Years ago I was chatting with the nurse on the cardiac telemetry unit. I asked her what she would want if she was known to have a 90% blockage in her left anterior descending artery, aka the widowmaker, but had no symptoms. I reminded her that the literature had clearly demonstrated that coronary revascularization in stable coronary artery disease (CAD) did not reduce the risk of death or heart attack, but did decrease angina (chest pain). Her answer was clear. She stated repeatedly that she would definitely want to have her artery fixed with a stent if there was a blockage even if she was asymptomatic.
There’s a lot of buzz in the media this weekend with regards to the ISCHEMIA trial. This recently presented study by the American Heart Association looked at thousands of patients who were proven to have blockages in their coronary arteries. They were randomized to either an invasive strategy, which could include revascularization via stents or bypass surgery, or an initial strategy of medical management. The study did not demonstrate any significant advantage to the invasive strategy with regards to major cardiac events such as death, heart attack, cardiac arrest. The take-home of the study suggests that patients with stable coronary artery disease can be safely managed medically.

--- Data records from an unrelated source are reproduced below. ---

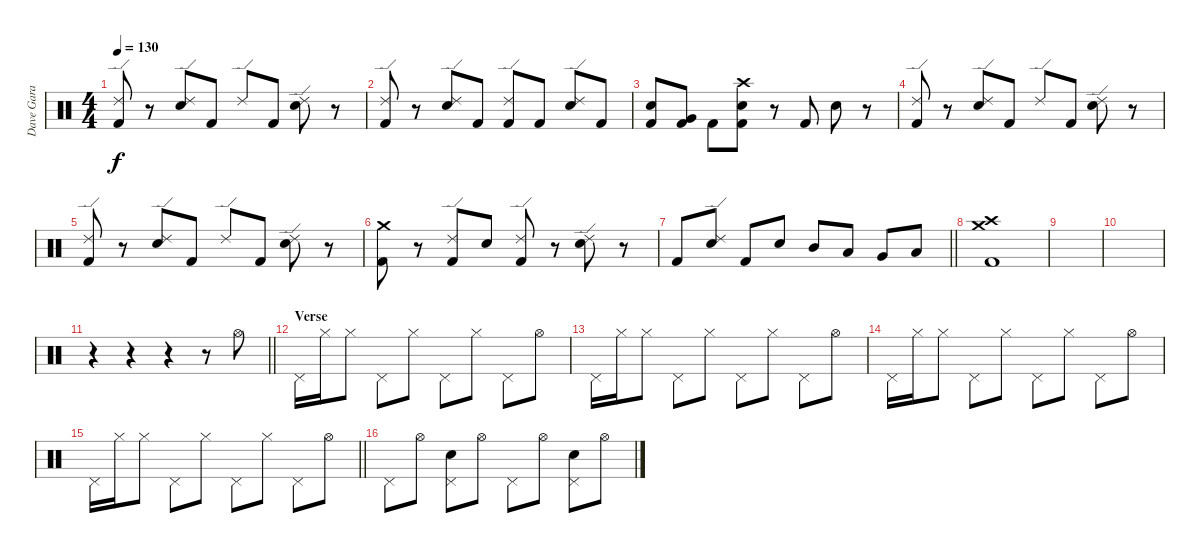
\track ("Dave Gara" "Dave Gara") {instrument percussion}
\staff {score}
\articulation defaults
\ts (4 4)
\tempo 130
\clef neutral
\ks c
("Ride (edge) 2" "Kick (hit) 2").8{dy f} r.8 ("Ride (edge) 2" "Electric Snare (hit)").8 "Kick (hit) 2".8 "Ride (edge) 2".8 "Kick (hit) 2".8 ("Ride (edge) 2" "Electric Snare (hit)").8 r.8 |
("Ride (edge) 2" "Kick (hit) 2").8 r.8 ("Ride (edge) 2" "Electric Snare (hit)").8 "Kick (hit) 2".8 ("Ride (edge) 2" "Kick (hit) 2").8 "Kick (hit) 2".8 ("Ride (edge) 2" "Electric Snare (hit)").8 "Kick (hit) 2".8 |
("Electric Snare (hit)" "Kick (hit) 2").8 ("Very Low Tom (hit)" "Kick (hit) 2").8 "Kick (hit) 2".8 ("Crash high (hit)" "Electric Snare (hit)" "Kick (hit) 2").8 r.8 "Kick (hit) 2".8 "Electric Snare (hit)".8 r.8 |
("Ride (edge) 2" "Kick (hit) 2").8 r.8 ("Ride (edge) 2" "Electric Snare (hit)").8 "Kick (hit) 2".8 "Ride (edge) 2".8 "Kick (hit) 2".8 ("Ride (edge) 2" "Electric Snare (hit)").8 r.8 |
("Ride (edge) 2" "Kick (hit) 2").8 r.8 ("Ride (edge) 2" "Electric Snare (hit)").8 "Kick (hit) 2".8 "Ride (edge) 2".8 "Kick (hit) 2".8 ("Ride (edge) 2" "Electric Snare (hit)").8 r.8 |
("Crash medium (hit)" "Kick (hit) 2").8 r.8 ("Ride (edge) 2" "Kick (hit) 2").8 "Electric Snare (hit)".8 ("Ride (edge) 2" "Kick (hit) 2").8 r.8 ("Ride (edge) 2" "Electric Snare (hit)").8 r.8 |
\barLineRight lightlight "Kick (hit) 2".8
("Ride (edge) 2" "Electric Snare (hit)").8 "Kick (hit) 2".8 "Electric Snare (hit)".8 "Mid Tom (hit)".8 "Low Tom (hit)".8 "Very Low Tom (hit)".8 "Low Floor Tom (hit)".8 |
("Crash high (hit)" "Crash medium (hit)" "Kick (hit) 2").1 |
|
|
\barLineRight lightlight
r.4 r.4 r.4 r.8 "Hi-Hat (open)".8 |
\section ("" "Verse")
"Pedal Hi-Hat (hit)".16 "Hi-Hat (closed)".16 "Hi-Hat (closed)".8 "Pedal Hi-Hat (hit)".8 "Hi-Hat (closed)".8 "Pedal Hi-Hat (hit)".8 "Hi-Hat (closed)".8 "Pedal Hi-Hat (hit)".8 "Hi-Hat (open)".8 |
"Pedal Hi-Hat (hit)".16 "Hi-Hat (closed)".16 "Hi-Hat (closed)".8 "Pedal Hi-Hat (hit)".8 "Hi-Hat (closed)".8 "Pedal Hi-Hat (hit)".8 "Hi-Hat (closed)".8 "Pedal Hi-Hat (hit)".8 "Hi-Hat (open)".8 |
"Pedal Hi-Hat (hit)".16 "Hi-Hat (closed)".16 "Hi-Hat (closed)".8 "Pedal Hi-Hat (hit)".8 "Hi-Hat (closed)".8 "Pedal Hi-Hat (hit)".8 "Hi-Hat (closed)".8 "Pedal Hi-Hat (hit)".8 "Hi-Hat (open)".8 |
\barLineRight lightlight "Pedal Hi-Hat (hit)".16 "Hi-Hat (closed)".16 "Hi-Hat (closed)".8 "Pedal Hi-Hat (hit)".8 "Hi-Hat (closed)".8 "Pedal Hi-Hat (hit)".8 "Hi-Hat (closed)".8 "Pedal Hi-Hat (hit)".8 "Hi-Hat (open)".8
|
"Pedal Hi-Hat (hit)".8 "Hi-Hat (open)".8 ("Pedal Hi-Hat (hit)" "Electric Snare (hit)").8 "Hi-Hat (open)".8 "Pedal Hi-Hat (hit)".8 "Hi-Hat (open)".8 ("Pedal Hi-Hat (hit)" "Electric Snare (hit)").8 "Hi-Hat (open)".8

Certain high-risk patients were excluded from the study, such as patients with blockage of the left main coronary artery and those who had severely reduced cardiac function. Patients who had previous bypass surgery or stents within the past year were also excluded.
It’s important to remember that the study looked at patients who had stable coronary artery disease, but did not include those with active heart attacks. In patients with active heart attacks, there is no controversy over the benefits of stents.
This study should give doctors more confidence to focus initially on optimizing medical management of stable CAD patients and to delay invasive procedures for patients who do not have high risk features. Given what we know about the benefits of lifestyle modification such as plant-based diet, regular exercise, and stress reduction a conservative management approach may be a great initial option for patients with stable CAD.
What are your thoughts about the use of stents in patients with stable CAD? If your doctor found a severe blockage in your heart would you be comfortable with a conservative, noninvasive approach?